Friday, February 18, 2011

Jersey Shore Episode 21 - "The Great Depression"

Are they still a Greek Chorus if they're Italian?

DEENA - My bowels have hardened.

PAULY D - Assume a Jersey Turnpike stance. That ought to sufficiently loosen your stool.

DEENA - I've grown tired of "face down, ass up." It puts a strain on my glutes. And I've also grown tired of all of you.

THE SITUATION - Frankly, right now you're being a bit of a Slopopotamus.  Or whatever.

DEENA - What an awful thing to say, Michael. Just awful.

RONNIE - Ignore him. Come sit with me on the veranda and watch me drunk-grill.

DEENA -  Can we also sip Mint Juleps?

RONNIE-  A duh.  **they exit to the patio**

VINNY - If there's anything that can unbound her insides, it's Ronnie's drunk-grill.

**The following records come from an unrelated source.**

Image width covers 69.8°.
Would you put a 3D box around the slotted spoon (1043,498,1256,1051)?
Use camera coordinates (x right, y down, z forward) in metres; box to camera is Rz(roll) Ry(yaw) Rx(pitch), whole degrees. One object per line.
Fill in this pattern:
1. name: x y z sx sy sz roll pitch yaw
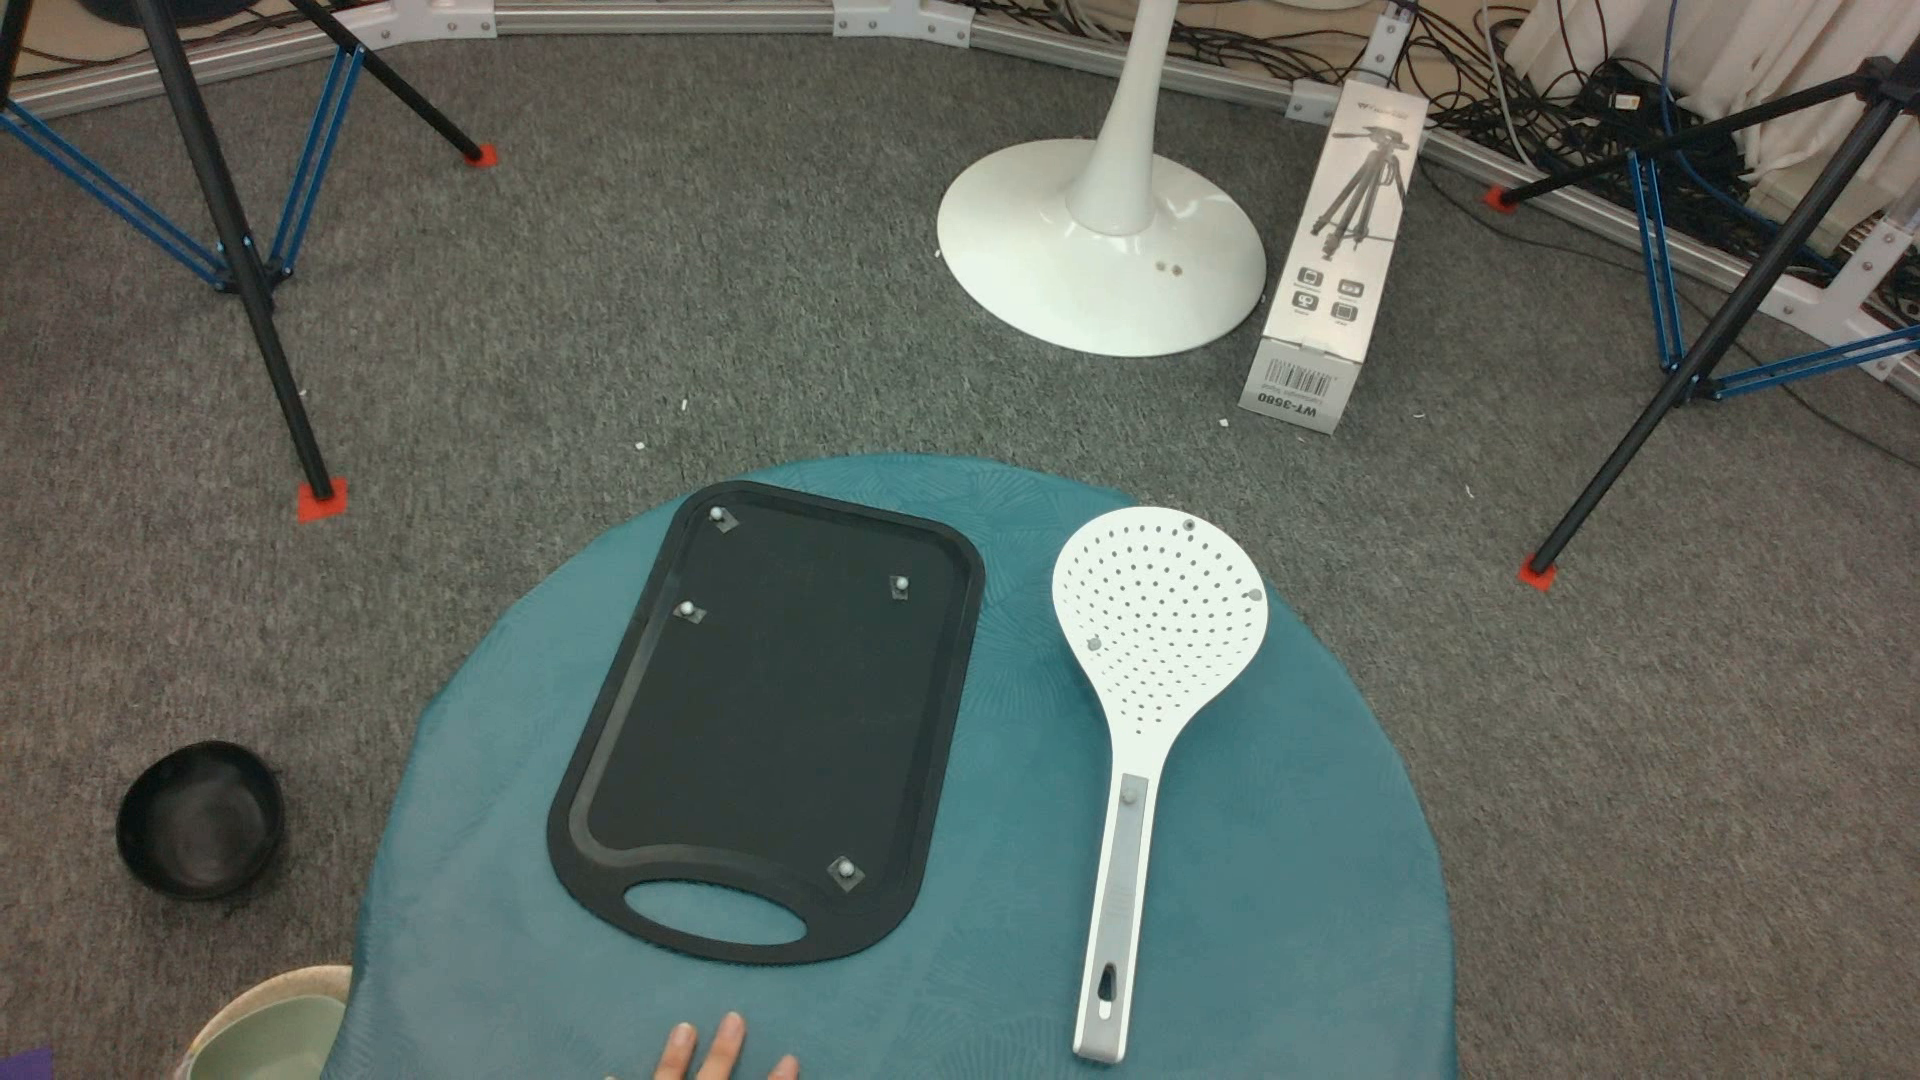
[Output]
1. slotted spoon: 0.097 0.121 0.809 0.136 0.045 0.351 12 51 3

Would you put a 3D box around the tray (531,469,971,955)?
1. tray: -0.115 0.089 0.823 0.211 0.010 0.327 12 51 1
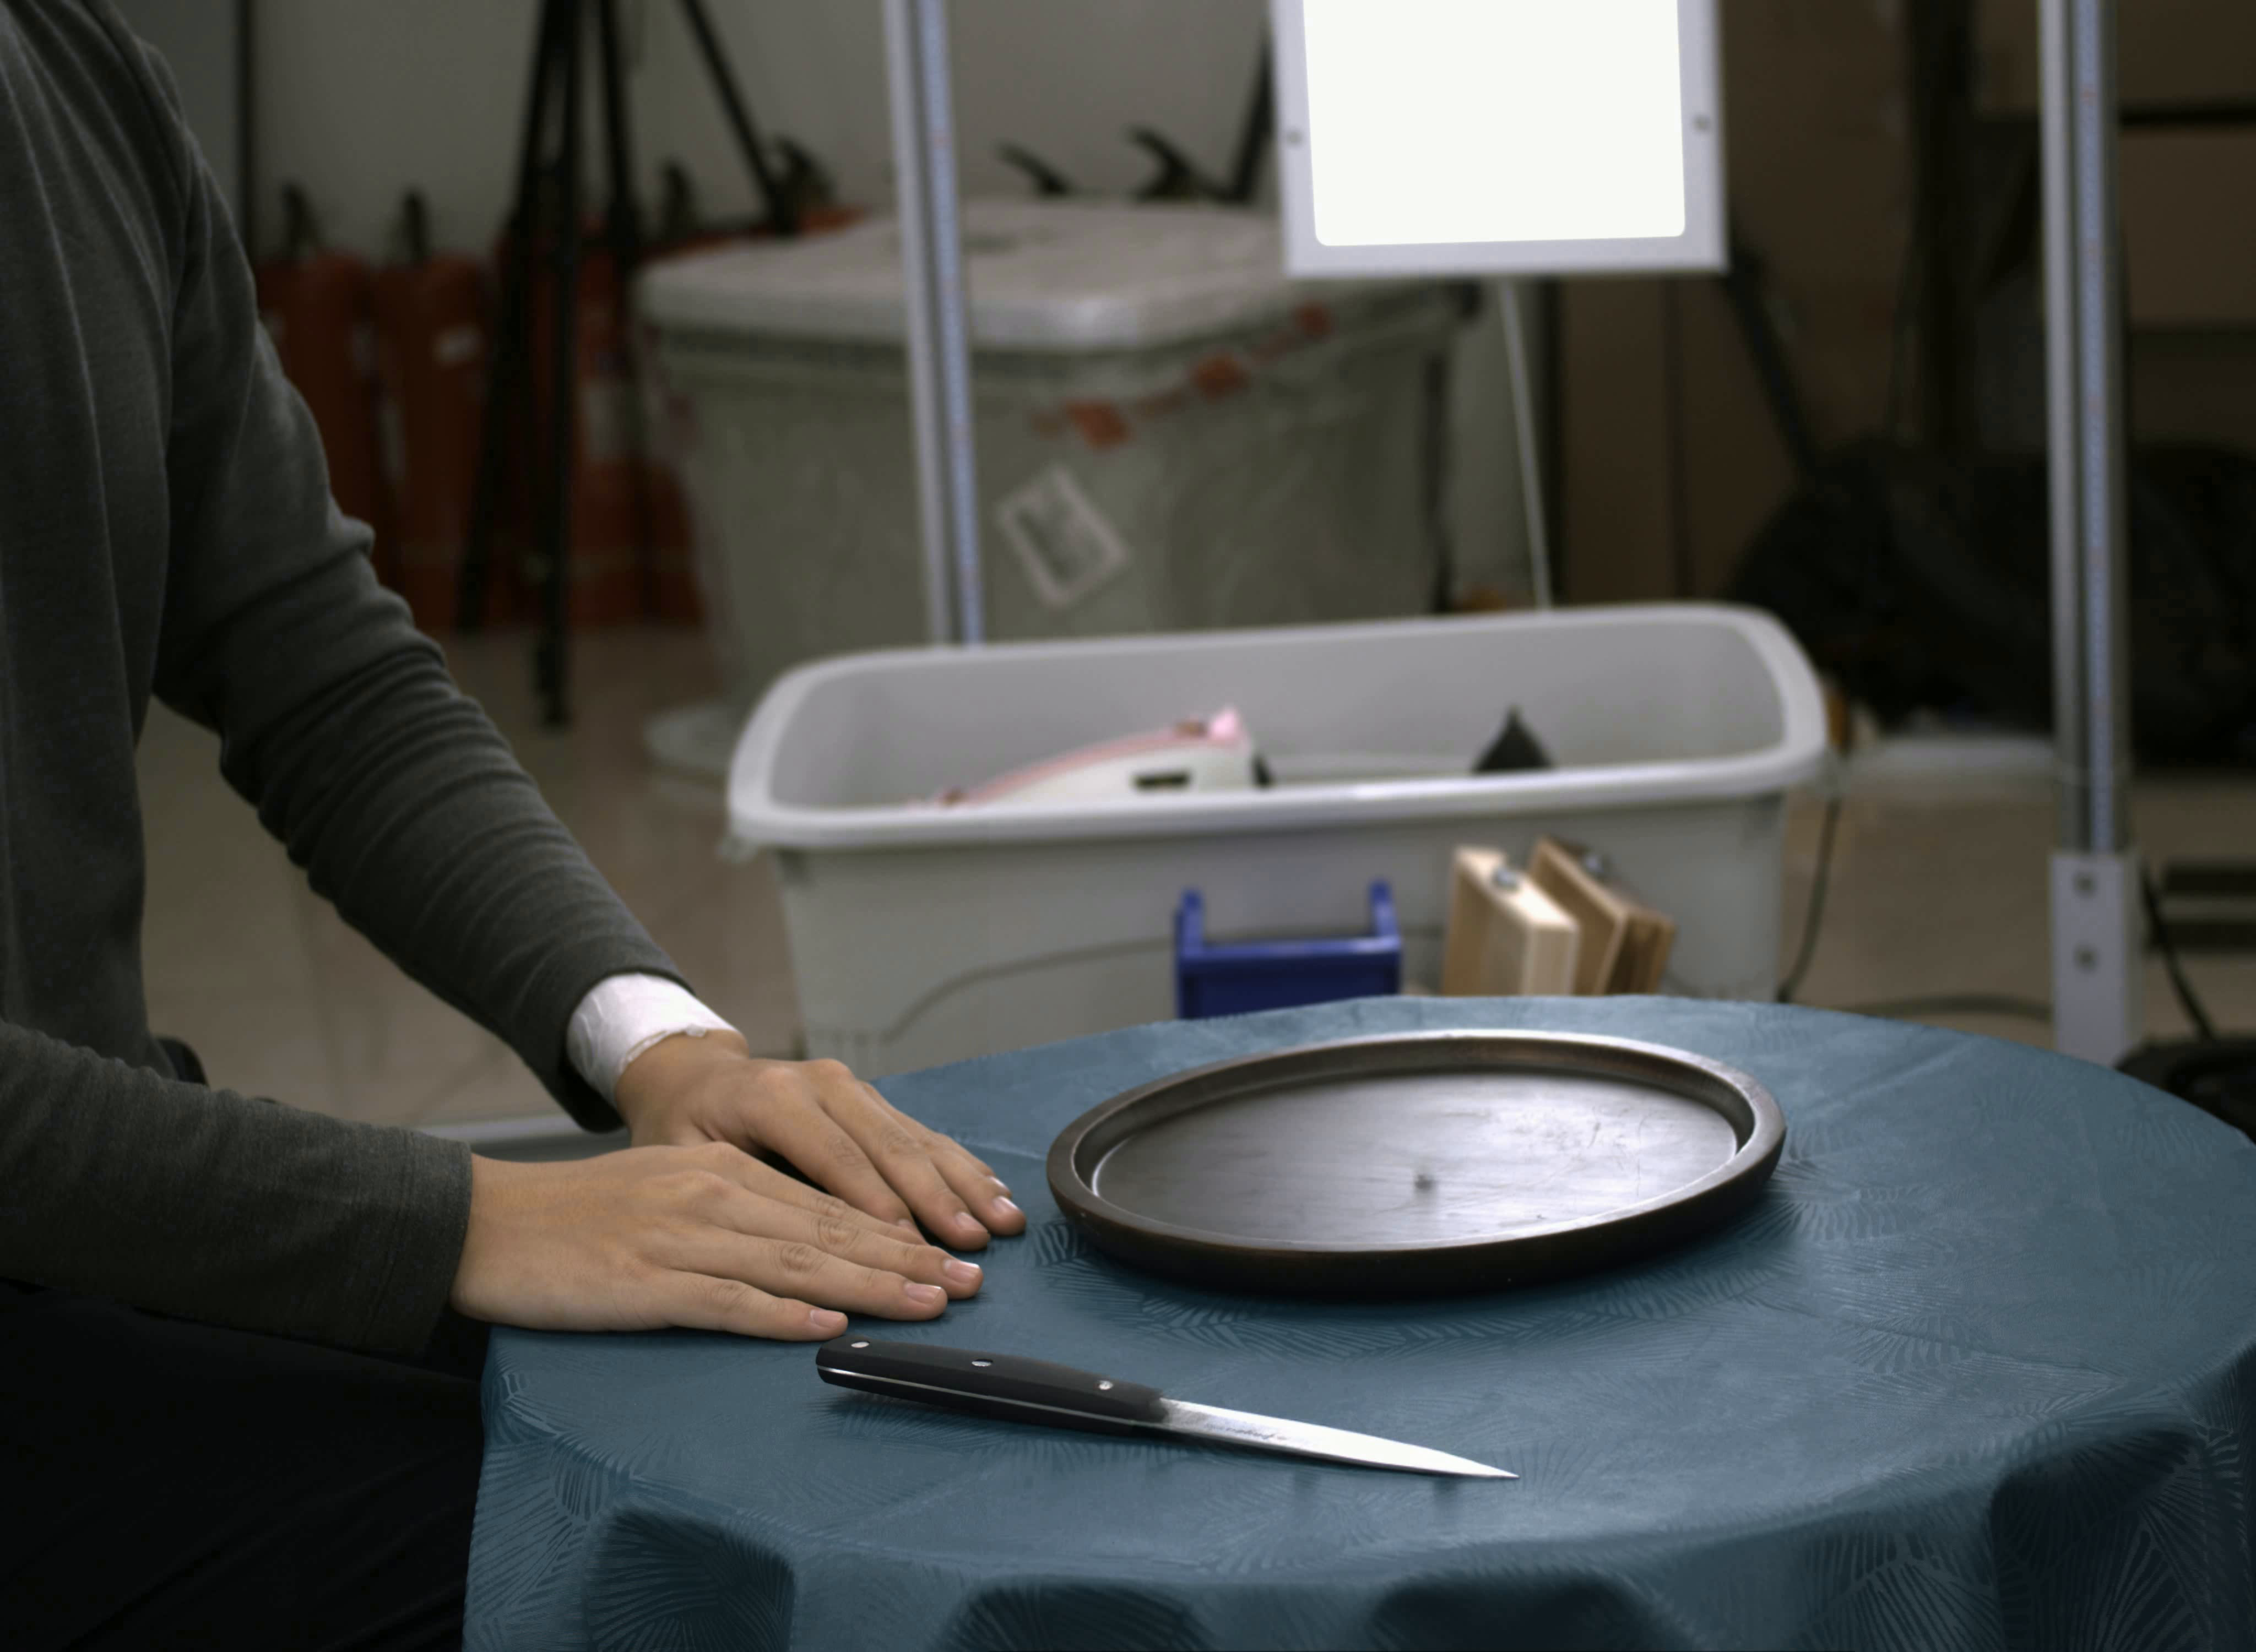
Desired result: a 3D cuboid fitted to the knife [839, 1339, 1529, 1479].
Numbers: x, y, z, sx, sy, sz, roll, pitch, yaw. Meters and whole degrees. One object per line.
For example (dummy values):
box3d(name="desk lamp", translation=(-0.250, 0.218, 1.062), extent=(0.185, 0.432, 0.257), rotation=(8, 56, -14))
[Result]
box3d(name="knife", translation=(0.012, 0.179, 1.662), extent=(0.242, 0.016, 0.024), rotation=(6, 13, 31))

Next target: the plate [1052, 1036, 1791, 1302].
box3d(name="plate", translation=(0.100, 0.114, 1.870), extent=(0.254, 0.029, 0.254), rotation=(-4, 13, 0))

SNOOKI - Indeed.  Cast, I'd like you all to meet the man I intend to unbound my insides, if you catch my drift. He's named after the Greek god of warcraft. Pallas.

GIOVANNI - It's actually Giovanni. And it's Italian.

SNOOKI  - Same dif. Well, we're off to fuck n' stuff. 'Tis been a fortnight since I've gotten any.

VINNY -  I think I'll do the same with Kat Von D over here. Goodnight.  **they all go upstairs** 

PAULY D - It looks as though Snooki has forgiven us for hanging Crocodilly in effigy.

THE SITUATION - But was it really in effigy? That was the actual Crocodilly we hanged.

PAULY D - You pose an interesting question. Jennifer? Penny for your thoughts?

JWOWW - Huh? You know I don't like to get involved with your philosophical bullshit.  I gotta get Sammi on the horn and put Ron on blast.

THE SITUATION - Jennifer, must you rely on colloquialisms for all your communications?

JWOWW - I don't know what the fuck you just said, but probably.

DEENA - I've returned from the veranda. Ron's tear ducts are, shall we say, active?

PAULY D -  **looks out on patio** Oh my. He's gone positively fetal.

THE SITUATION  - Should we attempt to console him?

PAULY D -  How else are we going to get any of those hand-formed beef patties?


JWOWW -  Just got done puttin' my face against a duck's dick. Sammi said she's been layin' on the couch an' shit with her moms all day.

THE SITUATION - Even after the floral arrangement Ron sent her? It had azaleas!

JWOWW - Lemme tell you something about chicks, Sitch. We don't want no fuckin' flowers. We just want respect, like all of yous.

PAULY D - Despite her rough demeanor and foul mouth, Jennifer provides valuable insight on the fairer sex.


JWOWW - Now who wants to play with my tits?